I was hoping cdcaveman would reply. There aren't many alternatives for pure options traders out there, at least not based on commissions. Based on mentions here on ET: Thinkorswim (TDA) and Optionshouse come to mind.
You're thinking of futures margin. Futures p/l is handled as a cash flow, not FOPs. FOPs are m to m but as unrealized p/l. FOPs use SPAN or a risk scenario based margin, whatever, with a "one day risk horizon." These differences sometimes cause the margin for FOPs to be greater than the margin for the UL. IB also can and sometimes does mandate margins greater than the exchange rates. OP, auto liquidation is a scary reality at IB. I don't like it, it would be nice if IB could find a better way. But it's part of the price you pay to do business there. The spread has two different ULs so the long option does not cover the short. It's not a calendar spread per se, you're trading the futures spread as well. The contango in 2008/2009 reached ridiculous proportions. Your spread could lose far more than the debit. I found this page enlightening. http://ibkb.interactivebrokers.com/node/990
This is why I do not have an IB account. I always here these horrible stories about auto liquidation of positions. There is enough involved in Risk management when trading your account, the last thing I want to add is some totally random margin call even if you have more than enough margin. I do not like risks I cannot plan for. I will stick to my TD and Etrade accounts, never had any issues with them.
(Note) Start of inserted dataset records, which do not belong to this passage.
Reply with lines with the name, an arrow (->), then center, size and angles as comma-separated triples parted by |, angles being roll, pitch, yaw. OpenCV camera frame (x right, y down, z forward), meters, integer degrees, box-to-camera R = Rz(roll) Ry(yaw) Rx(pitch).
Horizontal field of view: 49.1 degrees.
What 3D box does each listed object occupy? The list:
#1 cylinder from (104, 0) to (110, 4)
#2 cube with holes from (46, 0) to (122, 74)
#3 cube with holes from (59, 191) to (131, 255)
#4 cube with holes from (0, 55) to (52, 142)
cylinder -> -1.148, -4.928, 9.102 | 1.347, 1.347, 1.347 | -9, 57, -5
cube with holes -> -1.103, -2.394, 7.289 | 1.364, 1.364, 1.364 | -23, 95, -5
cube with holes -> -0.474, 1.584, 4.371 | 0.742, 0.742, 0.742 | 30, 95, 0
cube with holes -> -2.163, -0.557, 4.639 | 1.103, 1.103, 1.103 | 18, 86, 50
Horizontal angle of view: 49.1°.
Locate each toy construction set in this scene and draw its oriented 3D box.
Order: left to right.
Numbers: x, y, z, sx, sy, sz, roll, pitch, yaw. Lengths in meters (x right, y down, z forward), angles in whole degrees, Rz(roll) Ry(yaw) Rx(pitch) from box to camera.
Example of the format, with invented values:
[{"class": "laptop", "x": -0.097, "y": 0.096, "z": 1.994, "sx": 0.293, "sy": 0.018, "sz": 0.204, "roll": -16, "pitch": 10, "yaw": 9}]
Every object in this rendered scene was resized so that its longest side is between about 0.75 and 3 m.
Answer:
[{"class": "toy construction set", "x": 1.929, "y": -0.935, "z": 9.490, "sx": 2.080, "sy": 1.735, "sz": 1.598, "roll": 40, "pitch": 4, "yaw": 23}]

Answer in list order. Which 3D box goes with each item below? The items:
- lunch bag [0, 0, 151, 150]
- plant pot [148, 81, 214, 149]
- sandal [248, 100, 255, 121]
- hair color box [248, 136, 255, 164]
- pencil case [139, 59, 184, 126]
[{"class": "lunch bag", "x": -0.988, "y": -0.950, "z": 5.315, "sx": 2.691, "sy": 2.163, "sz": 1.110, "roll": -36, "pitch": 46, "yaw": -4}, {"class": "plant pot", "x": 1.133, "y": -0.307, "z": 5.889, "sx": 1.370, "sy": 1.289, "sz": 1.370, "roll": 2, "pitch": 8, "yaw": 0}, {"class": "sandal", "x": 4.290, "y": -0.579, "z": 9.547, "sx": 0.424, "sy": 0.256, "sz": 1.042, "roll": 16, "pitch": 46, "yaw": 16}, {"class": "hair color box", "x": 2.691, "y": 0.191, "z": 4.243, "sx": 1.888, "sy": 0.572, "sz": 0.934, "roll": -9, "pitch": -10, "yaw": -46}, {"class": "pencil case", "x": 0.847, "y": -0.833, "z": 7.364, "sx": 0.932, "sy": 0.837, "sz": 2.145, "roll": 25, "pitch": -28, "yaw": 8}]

Its because of Elite trade why I chose never to open an IB account. Those stories are nightmares. there is no way to manage risk with an IB account since they add a big counter-party risk that you cannot account for when planning a trade.
Yeah but IB is supposedly an ECN, not a market-maker with their own stock, so it must be some affiliate company they are helping out.
Everyone should be aware of the f.o.p calendar spread issue. But that goddamn autoliquidate is predatory. No other word for it.